次に、フロートトイレの施工実績が豊富であることを確認してください。施工件数や実績内容を確認し、慣れた業者であることを確かめましょう。
「安いから」だけで業者を選ぶと、施工不良のリスクが高まります。施工品質が安全性に直結するフロートトイレだからこそ、業者選びは慎重に行ってください。

実際に使っている人の口コミ・評判

実際にフロートトイレを導入した方の声を紹介します。
「床掃除がすごく楽になりました。モップがスッキリ入って隅まで拭けるのが地味にうれしいです。デザインも気に入っています」
— Xより
「値段は張りましたが、毎日の掃除が本当に楽で後悔はしていません。手洗い器を別に付けたのも、結果的にはすっきりしてよかったです」
— Xより
「補強工事の費用が思ったより高くなってしまいました。事前の見積もりと実際の費用が少し異なったので、複数業者で見積もりを取ることをおすすめします」
— Yahoo!知恵袋より
「停電したときに水を流す方法が分からなくて困りました。説明書を確認してようやく分かりましたが、最初に業者から教えてもらえばよかったと思いました」
— Yahoo!知恵袋より
ポジティブな声としては「床掃除のしやすさ」「デザイン性への満足」が多い一方、ネガティブな声としては「費用の高さ」「停電時の対応方法が分かりにくい」という点が目立ちます。費用については事前の十分な見積もりと比較が、停電対応については業者からの丁寧な説明が重要といえます。

後悔しないための5つの確認ポイント

フロートトイレを導入して後悔しないために、事前に確認すべきポイントをまとめます。

①現地調査で補強費用を明確にする

補強工事費用は住宅の構造によって大きく変わります。見積もり前に必ず現地調査を行い、補強の規模と費用を確認してください。「工事してみたら思ったより高かった」という後悔を防げます。

②停電時の操作方法を確認する

購入前に停電時の水の流し方を確認し、家族全員が理解できるよう業者から説明してもらいましょう。取扱説明書の該当ページも確認しておくことが大切です。

③手洗い器のスペースと費用を含めて計画する

手洗い器の設置は別途費用が発生します。トイレ空間の寸法を確認し、手洗い器の設置場所と費用をあらかじめ総費用に含めて検討しましょう。

④施工業者の実績と資格を確認する

フロートトイレは施工難易度が高いため、施工実績の多い業者を選ぶことが重要です。各自治体が指定する指定給水装置工事事業者の認定を受けているかを必ず確認してください。

⑤複数業者から見積もりを取る

フロートトイレの工事費用は業者によって差があります。少なくとも2〜3社から見積もりを取り、内容と費用を比較してから決定することをおすすめします。

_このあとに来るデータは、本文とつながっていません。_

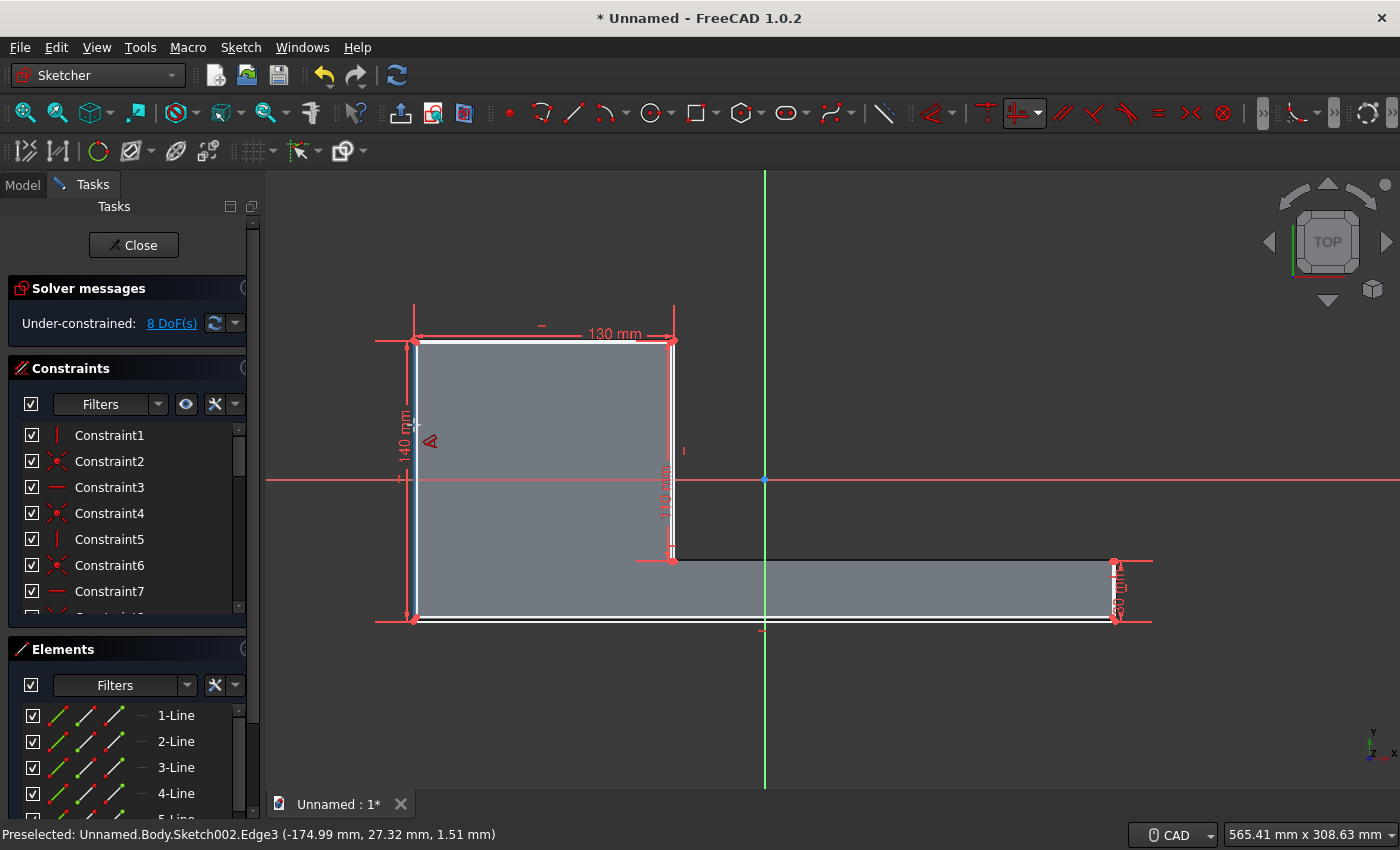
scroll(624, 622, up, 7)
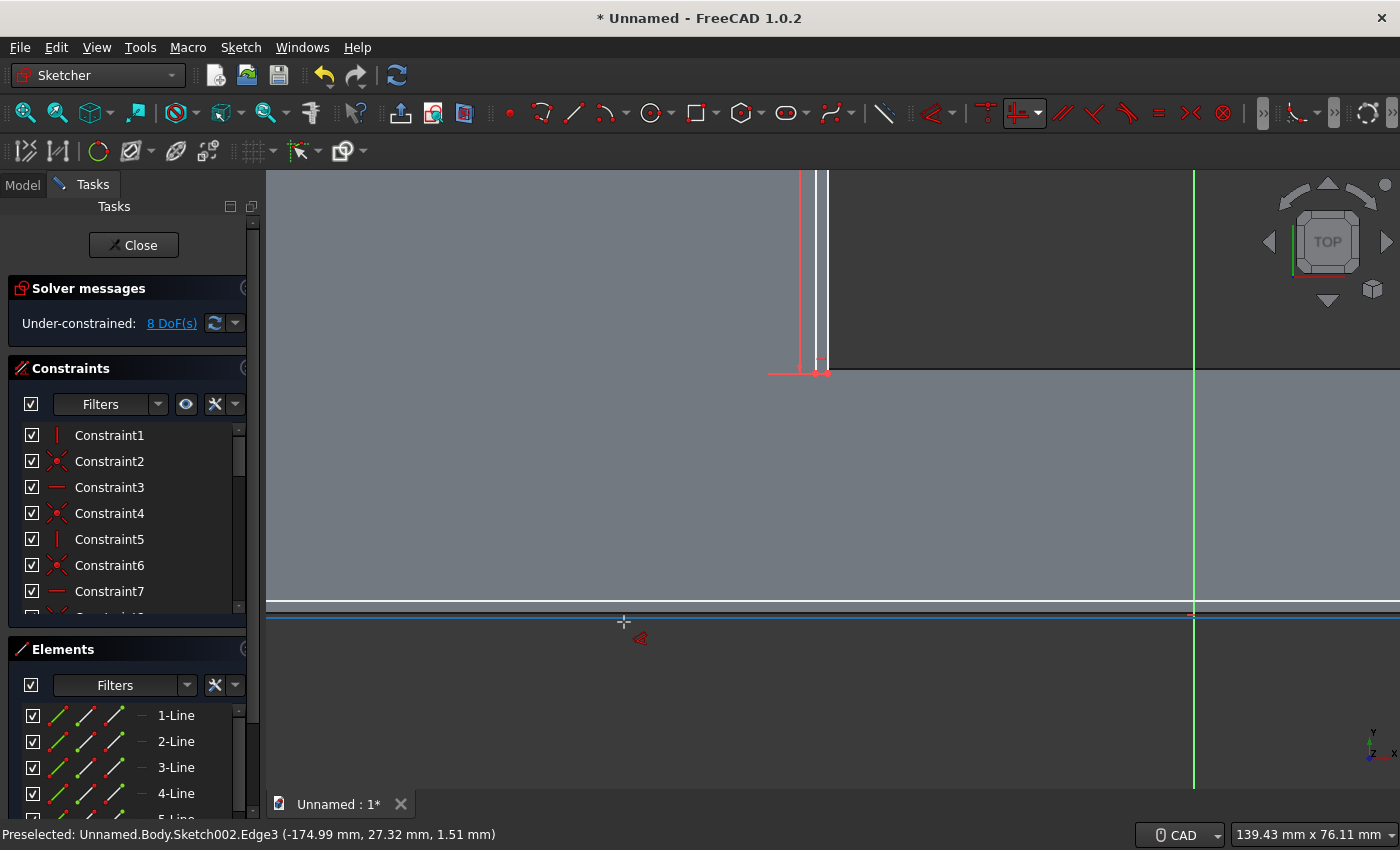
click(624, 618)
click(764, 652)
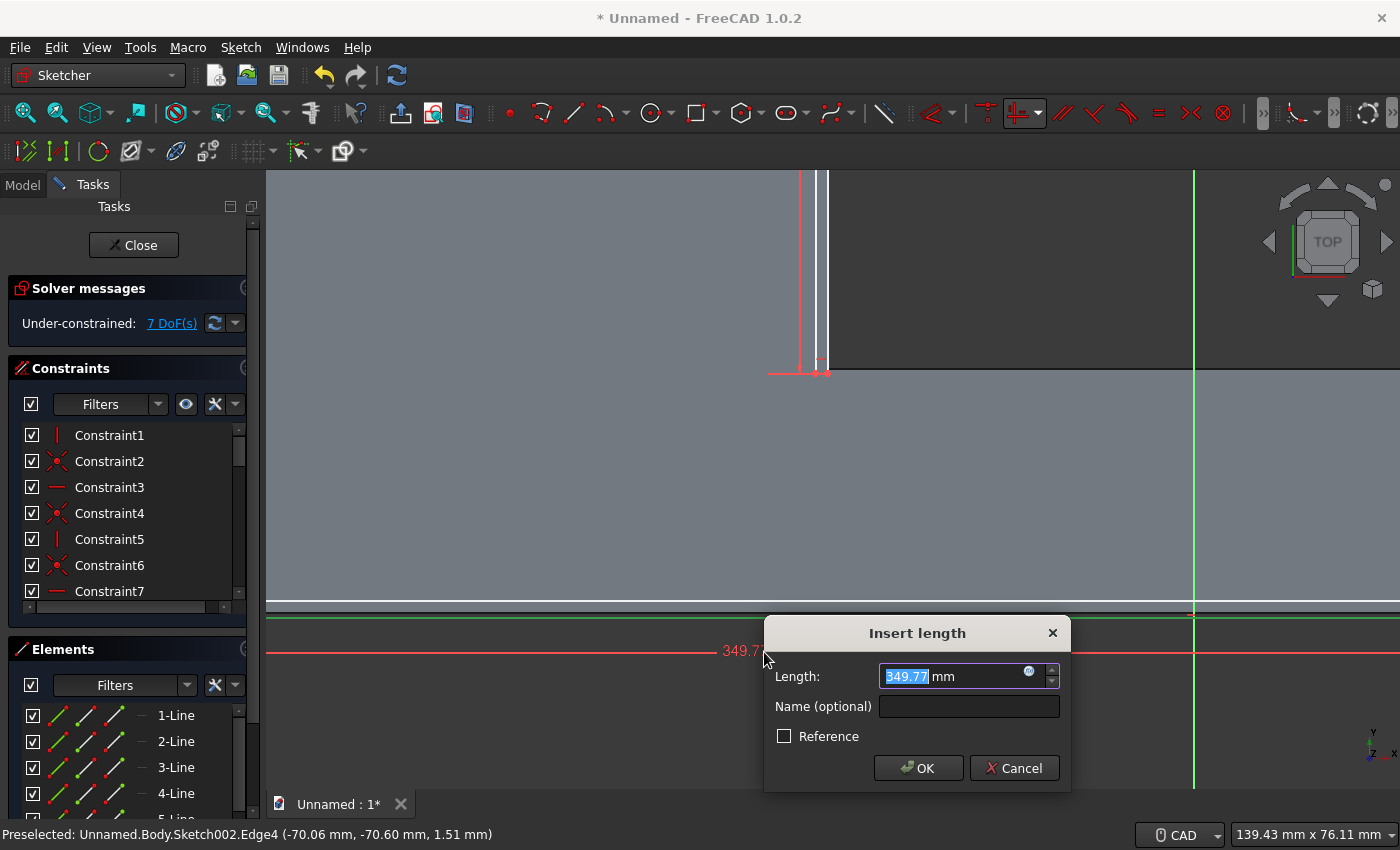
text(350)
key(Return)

まとめ:LIXILフロートトイレは「施工品質」が全て

LIXILフロートトイレの強度については、JIS試験をクリアした220kgの耐荷重があり、正しく施工されれば安全性は十分に確保されています。「落下するかもしれない」という不安は、製品スペック上は根拠がありません。
ただし、その「正しい施工」が難しいのもフロートトイレの特性です。施工業者の技術力と実績が、安全性と長期的な使用品質に直結します。
デメリットとして費用の高さ・手洗い器の別設置・停電時の対応・補強工事の必要性などがありますが、床掃除のしやすさとデザイン性というメリットを重視するなら、十分に選択肢として検討する価値があります。
フロートトイレを導入する際は、信頼できる施工業者の選定が最も重要なポイントです。指定給水装置工事事業者の認定を受け、フロートトイレの施工実績が豊富な業者に依頼することで、安全で満足のいくリフォームを実現できます。